Dataset excerpts
⟨

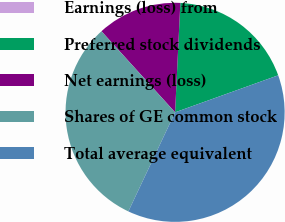Convert chart to OTSL. <chart><loc_0><loc_0><loc_500><loc_500><pie_chart><fcel>Earnings (loss) from<fcel>Preferred stock dividends<fcel>Net earnings (loss)<fcel>Shares of GE common stock<fcel>Total average equivalent<nl><fcel>0.0%<fcel>18.75%<fcel>12.5%<fcel>31.25%<fcel>37.5%<nl></chart> 
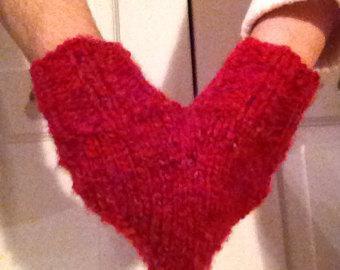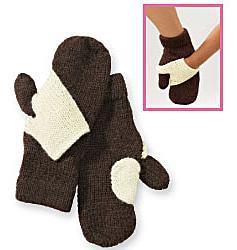The first image is the image on the left, the second image is the image on the right. Assess this claim about the two images: "An image shows a pair of hands in joined red mittens that form a heart shape when worn.". Correct or not? Answer yes or no. Yes. 
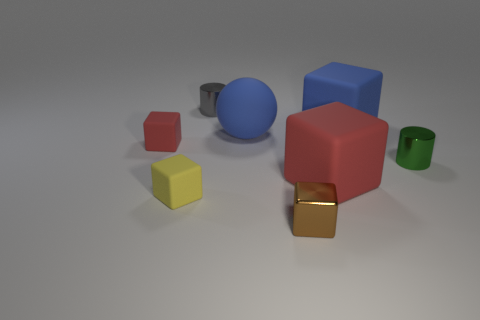Subtract all tiny shiny blocks. How many blocks are left? 4 Subtract all yellow blocks. How many blocks are left? 4 Subtract 2 cubes. How many cubes are left? 3 Subtract all purple blocks. Subtract all gray spheres. How many blocks are left? 5 Add 1 tiny red objects. How many objects exist? 9 Subtract all blocks. How many objects are left? 3 Subtract all big red cubes. Subtract all tiny red shiny blocks. How many objects are left? 7 Add 2 big matte blocks. How many big matte blocks are left? 4 Add 1 large purple objects. How many large purple objects exist? 1 Subtract 0 green spheres. How many objects are left? 8 
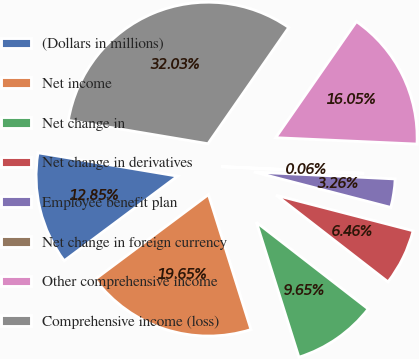Convert chart to OTSL. <chart><loc_0><loc_0><loc_500><loc_500><pie_chart><fcel>(Dollars in millions)<fcel>Net income<fcel>Net change in<fcel>Net change in derivatives<fcel>Employee benefit plan<fcel>Net change in foreign currency<fcel>Other comprehensive income<fcel>Comprehensive income (loss)<nl><fcel>12.85%<fcel>19.65%<fcel>9.65%<fcel>6.46%<fcel>3.26%<fcel>0.06%<fcel>16.05%<fcel>32.03%<nl></chart> 
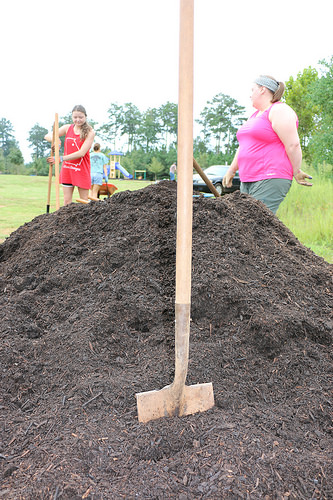<image>
Is the sky behind the tree? Yes. From this viewpoint, the sky is positioned behind the tree, with the tree partially or fully occluding the sky. Is there a sky behind the waste? No. The sky is not behind the waste. From this viewpoint, the sky appears to be positioned elsewhere in the scene. Is there a shovel in front of the woman? Yes. The shovel is positioned in front of the woman, appearing closer to the camera viewpoint. Where is the woman in relation to the shovel? Is it in front of the shovel? No. The woman is not in front of the shovel. The spatial positioning shows a different relationship between these objects. 
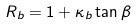Convert formula to latex. <formula><loc_0><loc_0><loc_500><loc_500>R _ { b } = 1 + \kappa _ { b } \tan \beta</formula> 
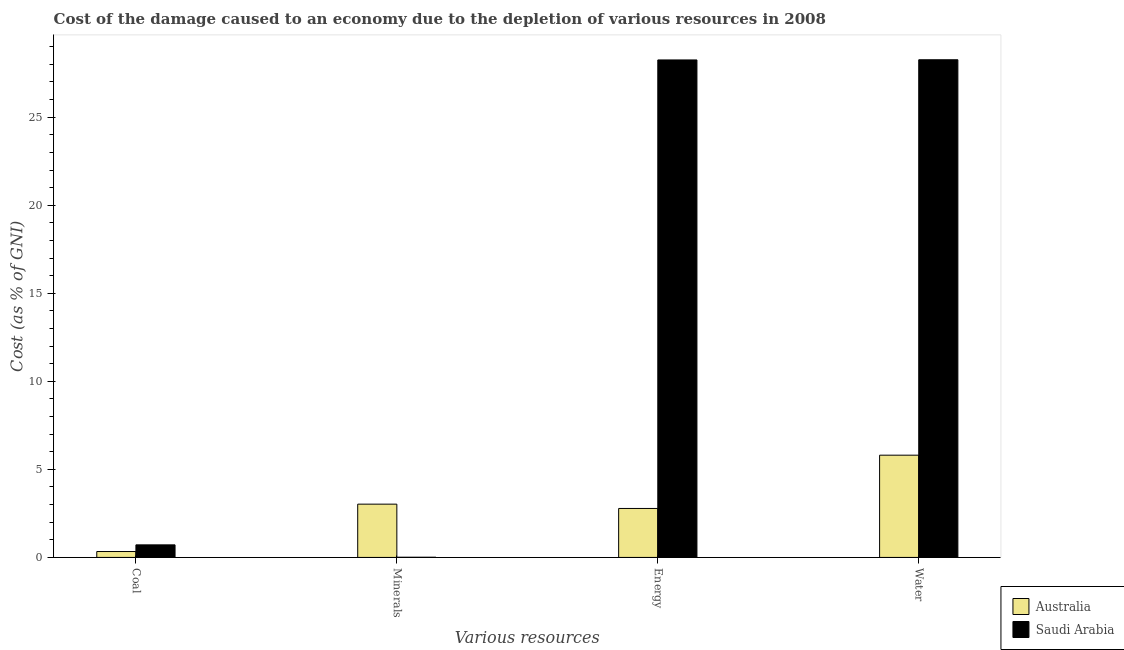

⟩

From the first line to the last, repeat the records above exactly, leaving out the pictures.

Convert chart to OTSL. <chart><loc_0><loc_0><loc_500><loc_500><pie_chart><fcel>Earnings (loss) from<fcel>Preferred stock dividends<fcel>Net earnings (loss)<fcel>Shares of GE common stock<fcel>Total average equivalent<nl><fcel>0.0%<fcel>18.75%<fcel>12.5%<fcel>31.25%<fcel>37.5%<nl></chart> 
The first image is the image on the left, the second image is the image on the right. Assess this claim about the two images: "An image shows a pair of hands in joined red mittens that form a heart shape when worn.". Correct or not? Answer yes or no. Yes. 
Subtract all tiny shiny blocks. How many blocks are left? 4 Subtract all yellow blocks. How many blocks are left? 4 Subtract 2 cubes. How many cubes are left? 3 Subtract all purple blocks. Subtract all gray spheres. How many blocks are left? 5 Add 1 tiny red objects. How many objects exist? 9 Subtract all blocks. How many objects are left? 3 Subtract all big red cubes. Subtract all tiny red shiny blocks. How many objects are left? 7 Add 2 big matte blocks. How many big matte blocks are left? 4 Add 1 large purple objects. How many large purple objects exist? 1 Subtract 0 green spheres. How many objects are left? 8 
Convert chart to OTSL. <chart><loc_0><loc_0><loc_500><loc_500><pie_chart><fcel>(Dollars in millions)<fcel>Net income<fcel>Net change in<fcel>Net change in derivatives<fcel>Employee benefit plan<fcel>Net change in foreign currency<fcel>Other comprehensive income<fcel>Comprehensive income (loss)<nl><fcel>12.85%<fcel>19.65%<fcel>9.65%<fcel>6.46%<fcel>3.26%<fcel>0.06%<fcel>16.05%<fcel>32.03%<nl></chart> 
<image>
Is the sky behind the tree? Yes. From this viewpoint, the sky is positioned behind the tree, with the tree partially or fully occluding the sky. Is there a sky behind the waste? No. The sky is not behind the waste. From this viewpoint, the sky appears to be positioned elsewhere in the scene. Is there a shovel in front of the woman? Yes. The shovel is positioned in front of the woman, appearing closer to the camera viewpoint. Where is the woman in relation to the shovel? Is it in front of the shovel? No. The woman is not in front of the shovel. The spatial positioning shows a different relationship between these objects. 
Convert formula to latex. <formula><loc_0><loc_0><loc_500><loc_500>R _ { b } = 1 + \kappa _ { b } \tan \beta</formula> 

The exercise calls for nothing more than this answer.